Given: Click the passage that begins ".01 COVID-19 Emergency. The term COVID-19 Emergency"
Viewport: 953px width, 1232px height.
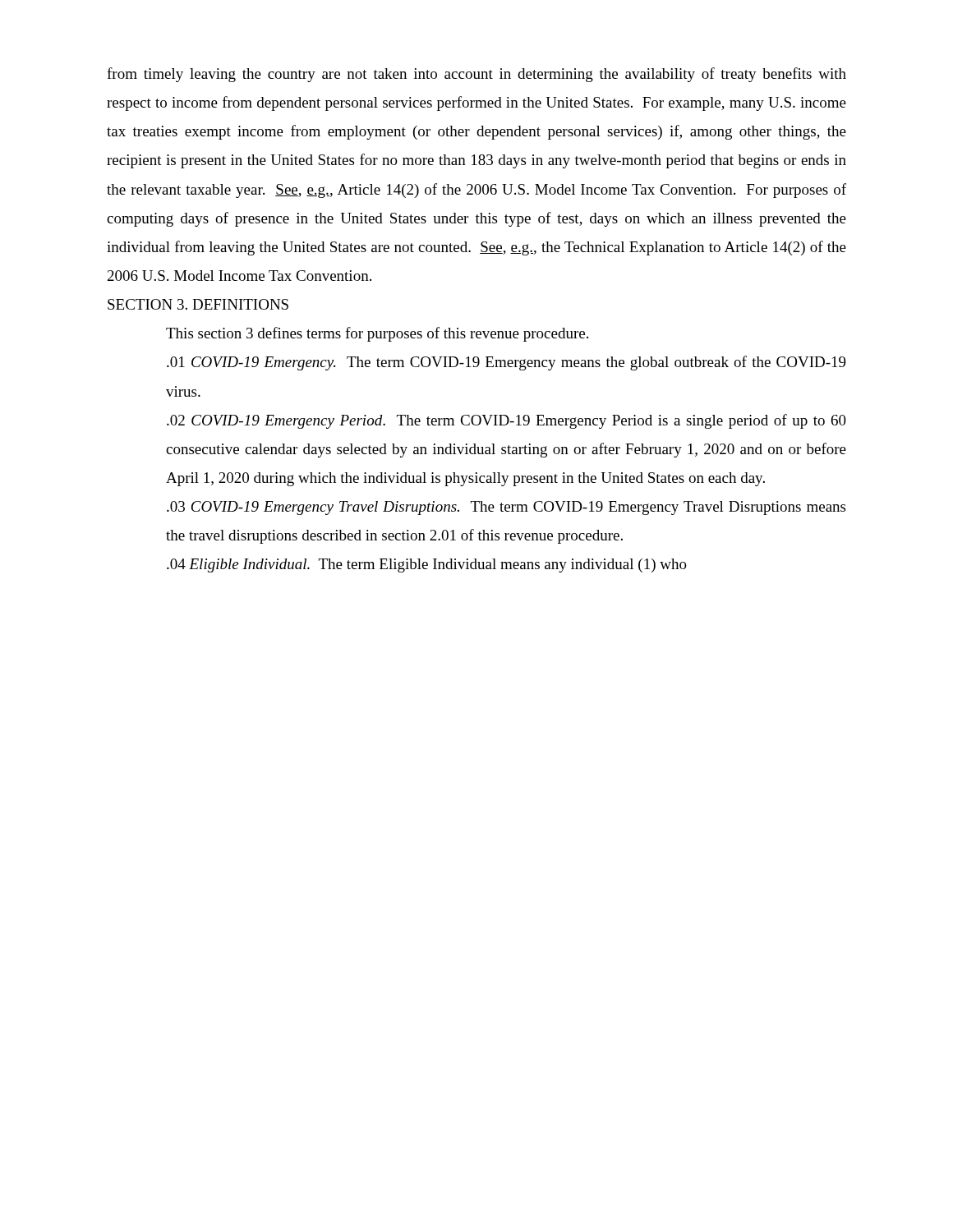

──────

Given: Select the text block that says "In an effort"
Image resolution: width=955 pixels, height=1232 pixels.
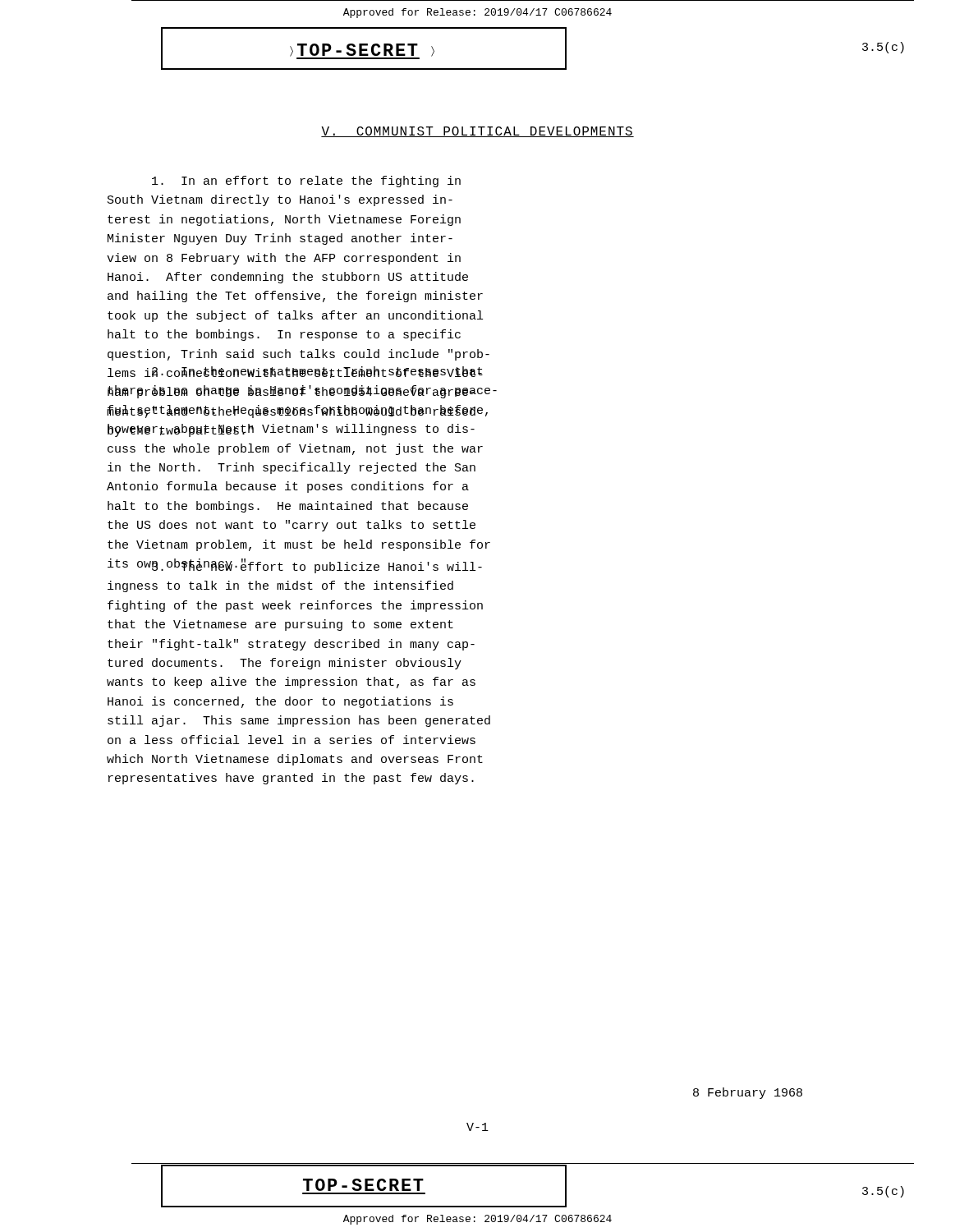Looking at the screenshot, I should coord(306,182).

──────

What to do = Nothing but the lines above from the one containing "Given: Click the" through the one containing "Viewport: 953px width, 1232px height." should appear in the answer, each repeated exactly.

Solution to the problem =
Given: Click the passage that begins ".01 COVID-19 Emergency. The term COVID-19 Emergency"
Viewport: 953px width, 1232px height.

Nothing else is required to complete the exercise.